Wait, this 3907018532 block are 2TB only. The parity disk is 4TB - shouldn't it be somewhat about

7814037064 blocks?

 

Next line refers to sector=65680 of (parity disk I suppose).

As I read up, the term "sectors" comes from the CHS adressing.

Is sector 65680 the same as LBA 65680?

That would result in position 33628160 bytes on the disk.

 

And finally, in addition to all this comes the file system block size on top - very nice - more confusion.

While most drives (there are new drives with real (physical) 4k blocks) have physically 512 byte blocks,

the file system can define it's own block size.

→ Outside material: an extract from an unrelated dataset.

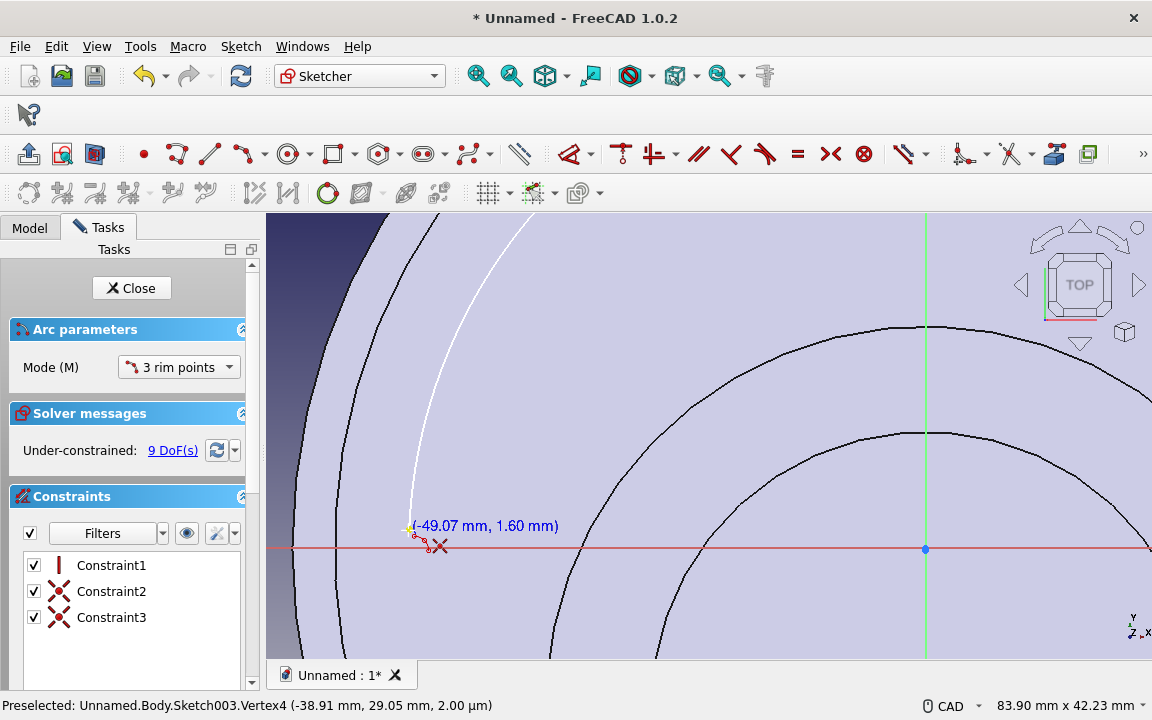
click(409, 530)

That means we get a different amount of blocks for the same drive.

 

How does this interfere with my task?

May  1 21:39:34 Tuerke kernel: REISERFS (device md1): journal params: device md1, size 8192, journal first block 18, max trans len 1024, max batch 900, max commit age 30, max trans age 30

Size 8192 - is this supposed to be the block size?  :o

 

May  1 21:40:12 Tuerke kernel: md: using 2560k window, over a total of 3907018532 blocks.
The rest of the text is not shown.